Gomes explica que cada indústria enfrente desafios e oportunidades distintas até a conquista da sua patente. A média é de nove meses até o registro com a INPI, mas para indústrias como cosméticos e beleza, o processo pode levar até quatro anos. “Isso já é um obstáculo para grandes empresas, mas a grande parte dos negócios no Brasil nem sabe as etapas até solicitar a sua patente”, afirma.
Outros desafios ainda esbarram na dificuldade de levar o financiamento até mais empresas e em dar escala aos recursos públicos. “Quem sabe acessar o sistema conta com outras dificuldades, como a falta de recursos para a produção. A fabricação e testagem em escala para assegurar a patente pode custar algo na casa dos três dígitos. Como uma deep tech vai chegar a esse recurso?”, questiona o diretor da Confederação da Indústria.
De acordo com Anicia Pio, é preciso ampliar os investimentos públicos e privados em pesquisa e desenvolvimento, garantindo que esse recurso consiga dar maior escala a continuidade aos projetos. Entre 2002 e 2023, o país investiu cerca de 1,2% do seu PIB em projetos inovadores, de acordo com o Ministério de Ciência, Tecnologia e Inovação, mas numa quantia ainda consideravelmente menor do que outras nações com o cenário de P&D mais avançado, como Portugal, Canadá e Alemanha. Outra solução, segundo Pio, é diminuir a burocracia até a conquista da patente. “Apesar de existirem iniciativas como o trâmite prioritário para patentes verdes, é necessário viabilizar que tecnologias que aumentem a eficiência de processos e reduzam o consumo de materiais virgens sejam implementadas mais rapidamente”, explica.

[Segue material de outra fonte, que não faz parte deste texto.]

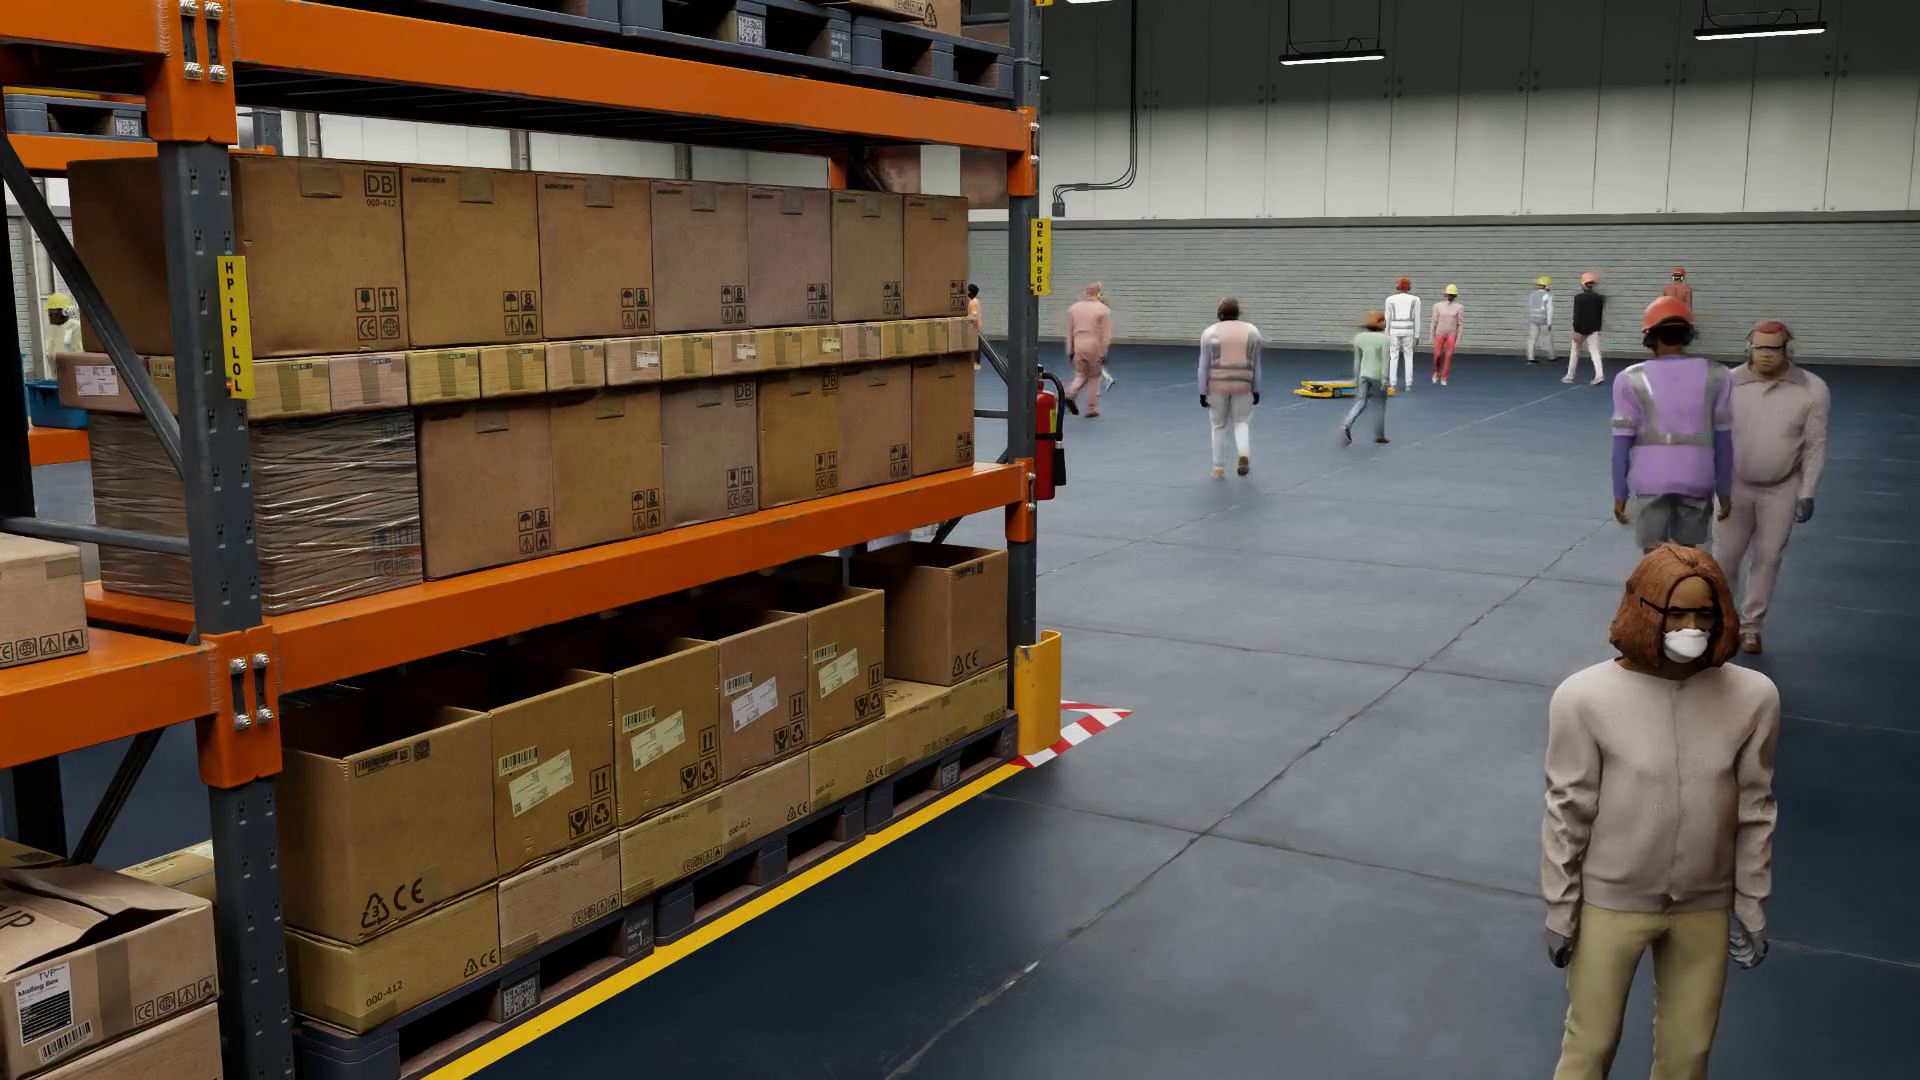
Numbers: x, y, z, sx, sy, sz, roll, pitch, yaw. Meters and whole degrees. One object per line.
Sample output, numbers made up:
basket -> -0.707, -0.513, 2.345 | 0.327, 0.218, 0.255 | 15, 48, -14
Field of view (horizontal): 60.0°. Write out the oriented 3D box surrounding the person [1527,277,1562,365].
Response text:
person -> 12.042, -4.506, 34.246 | 0.902, 1.785, 0.625 | -6, 11, -31

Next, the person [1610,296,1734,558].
person -> 3.842, -0.308, 9.026 | 0.637, 2.010, 0.538 | 2, 10, 10

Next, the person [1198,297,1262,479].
person -> 2.680, -1.503, 16.560 | 0.645, 1.826, 0.510 | 0, 10, -2

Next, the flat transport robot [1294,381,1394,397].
flat transport robot -> 6.105, -2.417, 26.462 | 1.431, 0.197, 0.652 | -4, 10, -20

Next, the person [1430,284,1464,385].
person -> 8.385, -3.528, 28.645 | 0.543, 1.741, 0.427 | 2, 10, 10

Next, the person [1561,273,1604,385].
person -> 10.907, -3.661, 28.866 | 0.639, 1.948, 1.029 | -2, 10, -14

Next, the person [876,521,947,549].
person -> -0.287, -0.188, 9.117 | 0.555, 1.727, 0.835 | 9, 13, 43

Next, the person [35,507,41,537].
person -> -5.852, -0.305, 10.257 | 0.506, 1.585, 0.868 | 8, 13, 41

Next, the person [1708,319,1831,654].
person -> 4.435, -0.274, 9.230 | 0.642, 1.881, 0.597 | 4, 11, 23

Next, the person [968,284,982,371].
person -> 0.259, -4.116, 32.239 | 0.317, 1.695, 0.540 | 1, 10, 6

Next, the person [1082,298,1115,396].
person -> 2.189, -3.088, 26.434 | 0.423, 1.618, 0.541 | 2, 10, 10

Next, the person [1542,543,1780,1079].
person -> 1.515, 0.806, 3.641 | 0.493, 1.624, 0.280 | 0, 10, -1

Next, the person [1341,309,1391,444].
person -> 4.817, -1.912, 19.600 | 0.704, 1.612, 0.504 | -8, 12, -38

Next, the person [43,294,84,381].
person -> -10.179, -1.874, 18.822 | 0.609, 1.787, 0.883 | 4, 10, 20

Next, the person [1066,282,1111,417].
person -> 1.752, -2.612, 22.911 | 0.655, 1.880, 0.549 | 7, 12, 37

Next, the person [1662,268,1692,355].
person -> 14.647, -4.563, 34.010 | 0.608, 1.989, 0.387 | 7, 12, 36

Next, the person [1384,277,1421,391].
person -> 7.313, -3.403, 27.520 | 0.583, 1.881, 0.337 | 2, 10, 12
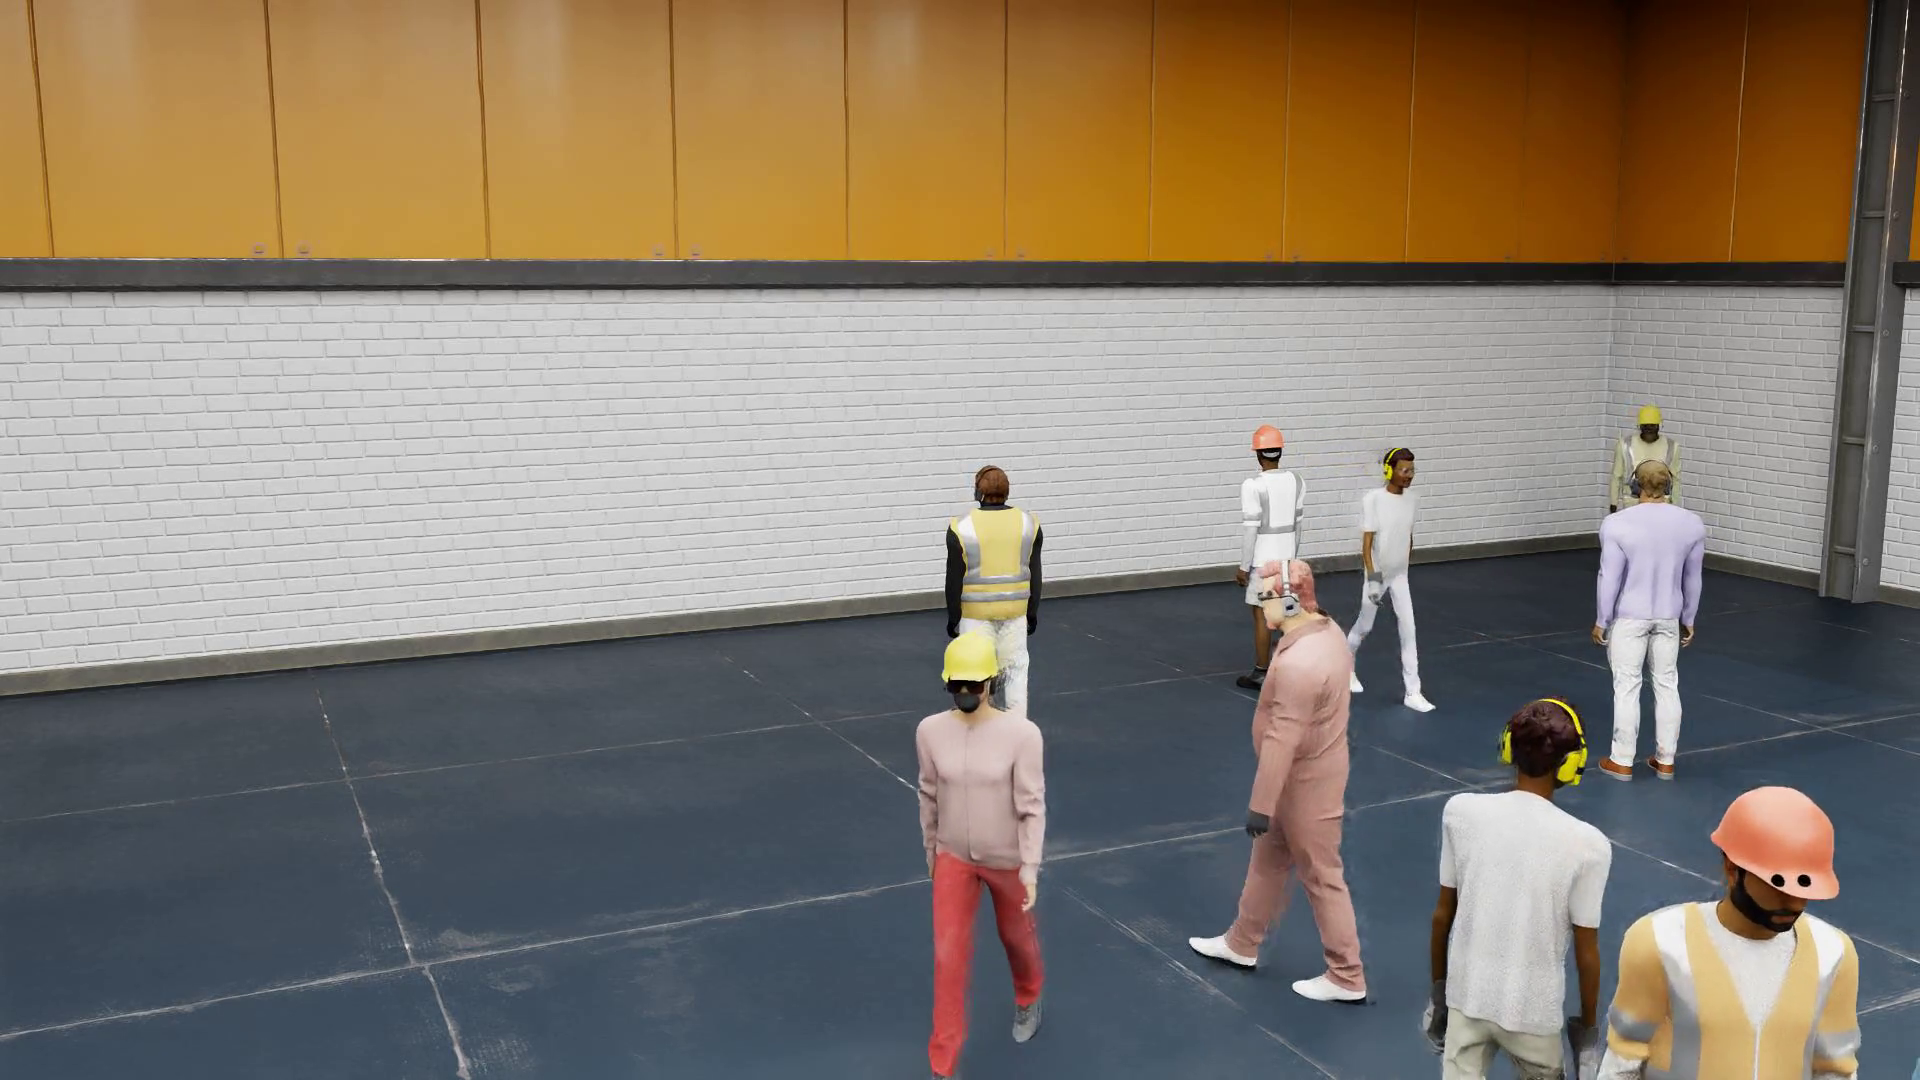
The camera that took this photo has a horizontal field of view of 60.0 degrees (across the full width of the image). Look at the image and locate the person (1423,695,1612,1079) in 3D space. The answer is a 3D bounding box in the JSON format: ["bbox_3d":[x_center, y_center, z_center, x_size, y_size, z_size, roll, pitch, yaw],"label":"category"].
[{"bbox_3d":[1.587,1.364,4.784,0.508,1.827,0.607,7,11,36],"label":"person"}]

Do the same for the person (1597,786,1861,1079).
[{"bbox_3d":[1.829,1.474,3.958,0.567,1.872,1.003,0,9,1],"label":"person"}]

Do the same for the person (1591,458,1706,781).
[{"bbox_3d":[4.093,0.477,9.929,0.635,1.936,0.353,0,9,-3],"label":"person"}]

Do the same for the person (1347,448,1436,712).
[{"bbox_3d":[2.995,0.248,11.753,0.519,1.820,0.962,-3,10,-19],"label":"person"}]

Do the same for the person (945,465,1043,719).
[{"bbox_3d":[0.201,0.451,10.384,0.627,1.847,0.429,-2,9,-15],"label":"person"}]

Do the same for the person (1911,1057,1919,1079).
[{"bbox_3d":[2.476,1.626,3.849,0.505,1.600,0.845,-1,9,-4],"label":"person"}]

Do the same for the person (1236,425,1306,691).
[{"bbox_3d":[2.233,0.133,12.080,0.544,1.933,0.376,-5,10,-29],"label":"person"}]

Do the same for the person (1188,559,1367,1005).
[{"bbox_3d":[1.304,0.998,6.913,0.909,1.863,0.657,3,10,21],"label":"person"}]

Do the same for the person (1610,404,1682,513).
[{"bbox_3d":[6.449,-0.385,15.654,0.621,1.811,0.506,3,10,16],"label":"person"}]

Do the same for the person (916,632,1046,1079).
[{"bbox_3d":[0.093,1.174,6.278,0.536,1.723,0.915,3,10,17],"label":"person"}]

Incluir empresas além do grande porte na conversa é outro desafio para o Brasil, país em que 90% dos negócios no país são micro ou pequenas empresas e que correspondem a cerca de 30% do PIB nacional. “Precisamos garantir o financiamento para a inovação, de modo que possam participar da transição para uma economia de baixo carbono, com instrumentos que democratizem o acesso, como linhas de crédito diferenciadas, parcerias tecnológicas e capacitação”, disse.